New technology measures, predicts heterogeneity
One technology that provides greater insight into the true characteristics of the reservoir is the Helios distributed acoustic system created by Fotech Solutions. The system is deployed via downhole fiber-optic cable and detects minute changes to the path of light as it passes through the fiber-changes caused by sound waves hitting and altering the structure of the optical fiber anywhere along its length. Algorithms are then used to process the results to determine entry points of oil, gas, solids, and water.

This image shows the level of detailed information, including both connected and disconnected porosity, that is available from a shale sample.

This image shows the level of detailed information, including both connected and disconnected porosity, that is available from a shale sample.

This technology works well in conjunction with Ziebel’s Z-System, a carbon fiber rod that enables logging systems and manipulation in highly deviated and horizontal well bores.

In one case, the Z-System was deployed in a producing tight gas well hydraulically fractured in nine stages. Fotech’s Helios solution monitored live production in five of the nine stages. It became apparent that only two of the five zones were contributing to production in the commingled flow. While each geometric frac stage required considerable cost to complete and was completed with the expectation that each stage would contribute to production, that was not the case.

As one drills deeper into the reasons behind the variability seen in the perforations that actually produce gas, it is important to understand the producing mechanisms of shale and other unconventional reservoirs from the pore scale where heterogeneities can be very apparent.

This is where Ingrain’s technology comes into play. Ingrain’s digital rock physics laboratory uses advanced CT scanning techniques with proprietary segmentation and processing methods to create 3-D digital rock samples from core plugs, sidewall cores, and drill cuttings. With these samples, Ingrain can compute physical properties and fluid flow characteristics of reservoir rocks at the nanoscale, revealing previously unseen heterogeneities.

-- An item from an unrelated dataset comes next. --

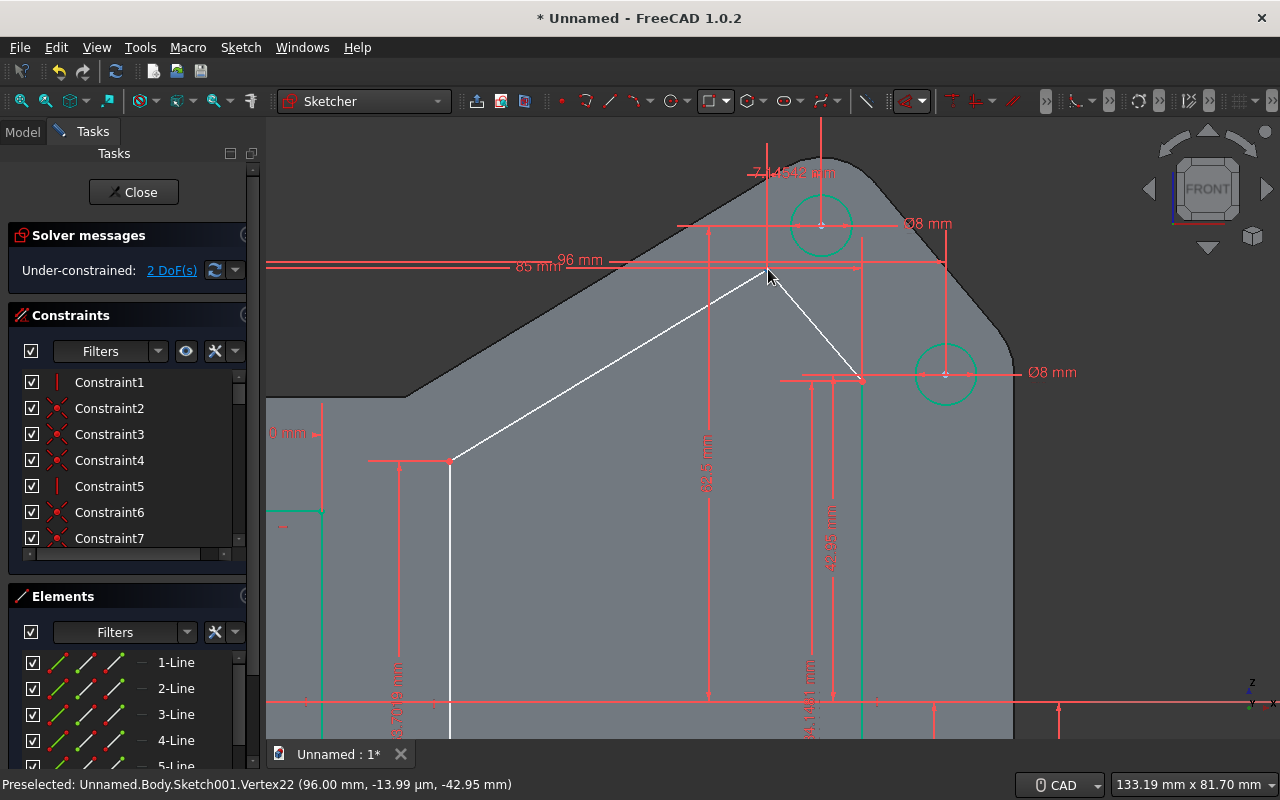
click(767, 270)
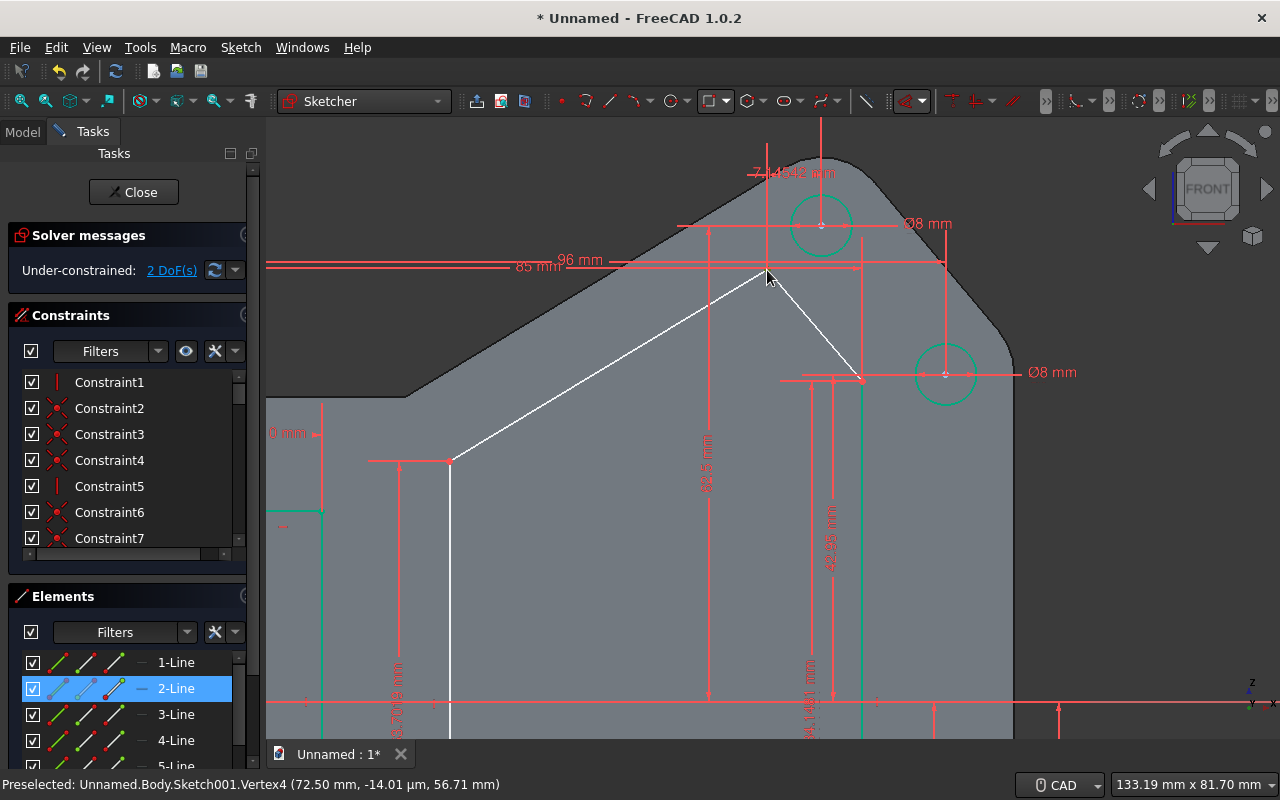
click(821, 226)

In its analysis of shale reservoir rock, Ingrain can to determine the prominent pore types in various plays, how they affect porosity and permeability, and how they are likely to vary between facies and depositional sequences.

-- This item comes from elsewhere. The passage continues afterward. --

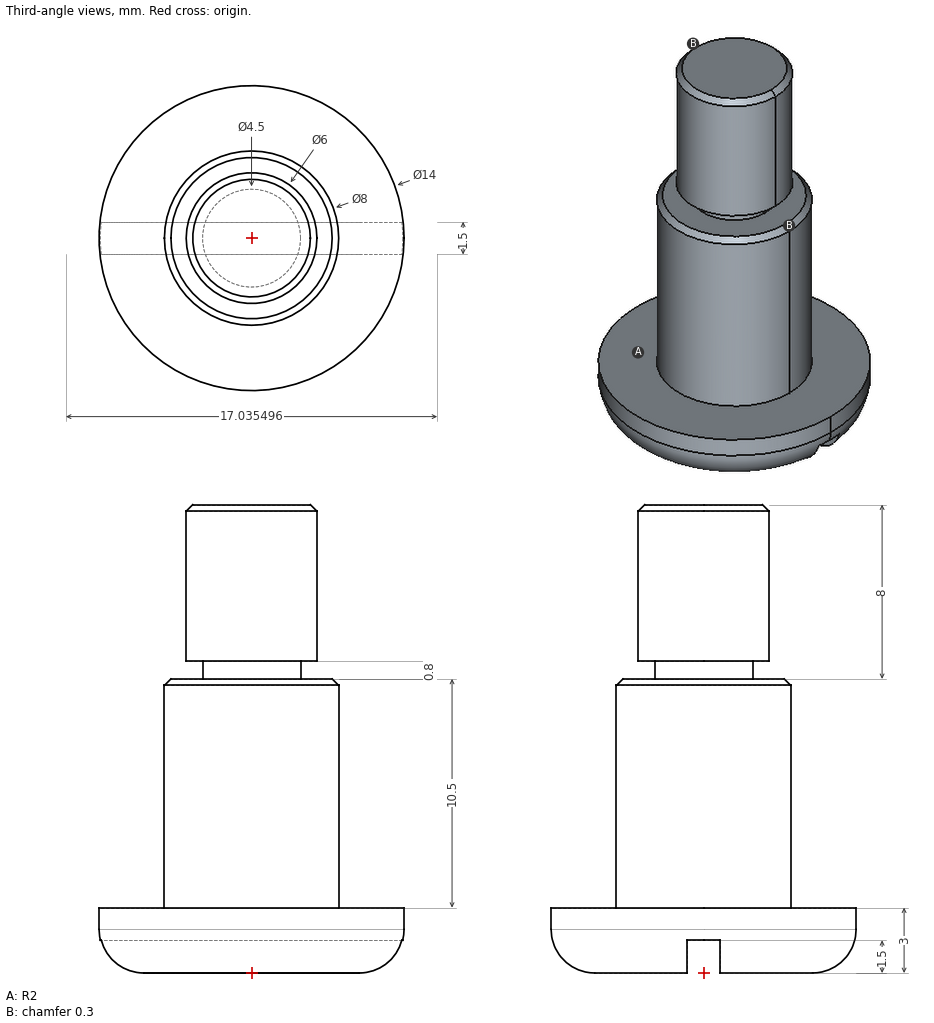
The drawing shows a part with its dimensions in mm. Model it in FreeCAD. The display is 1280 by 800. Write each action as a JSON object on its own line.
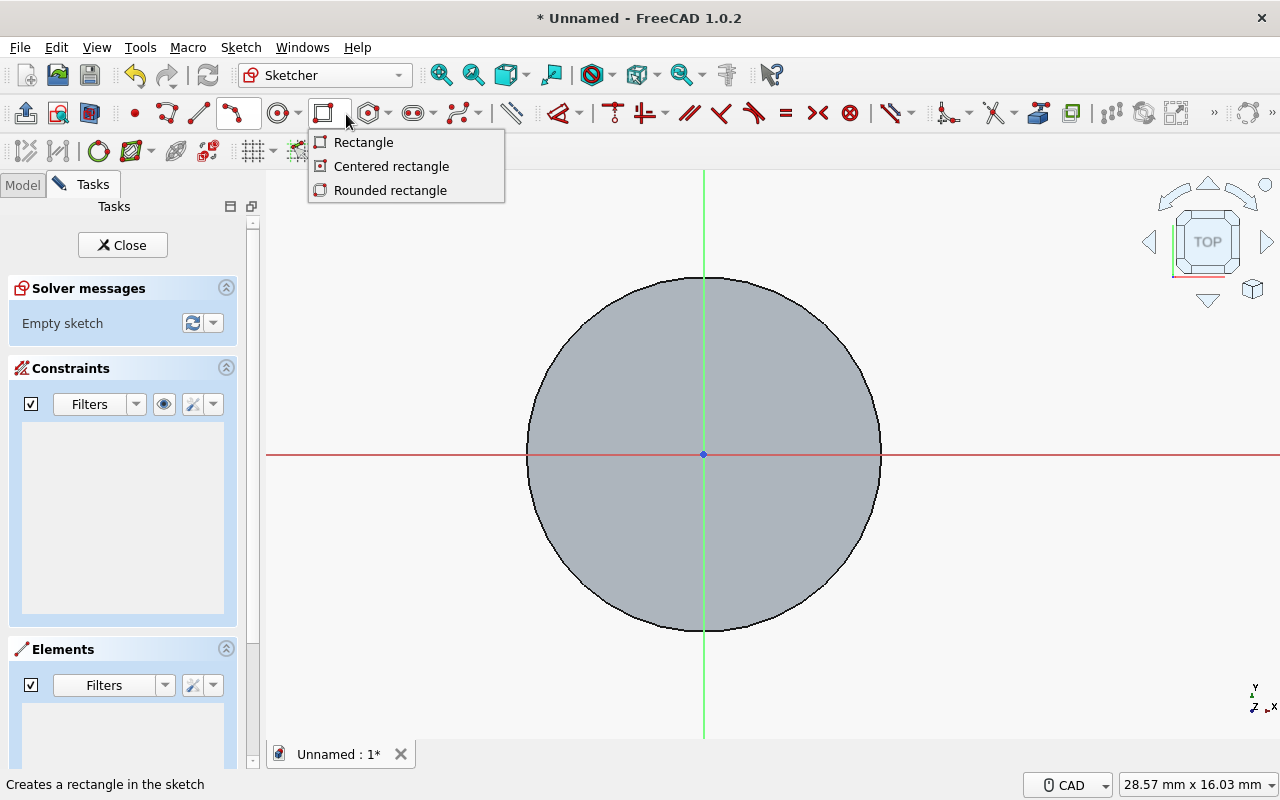
{"action": "left_click", "coordinate": [406, 166]}

For example, a wide range of pore types can be present in the Eagle Ford shale within a single typical core. Evaluating detailed information, including both connected and disconnected porosity available from a shale sample, indicates that porosity and permeability trends are controlled by pore type. In the end, these data can be used to help identify the most porous and organicrich zones in a reservoir to help operators better target production areas.

As understanding of the shale plays advances, the value of making fewer assumptions about E&P operations is becoming increasingly apparent. It is clear that the profitable, productive, and environmentally safe exploitation of the shale plays will continue to advance, as will the appropriate application of new technologies, including those described. Additionally, seismic and microseismic technologies in development, as well as lessons learned, will be fundamental drivers behind these improvements.

The common denominator is fast becoming heterogeneity, which becomes more apparent at smaller scales of resolution. Market leaders will be those who understand and predict heterogeneity and use it in the completion and production of their wells.

The shale gale is real, and continuous improvements in the economics of the extraction and production of natural gas and oil from unconventional resources will continue to be an inevitable surprise.

As American author Mark Twain once said, “It ain’t what you don’t know that gets you into trouble. It’s what you know for sure that just ain’t so.”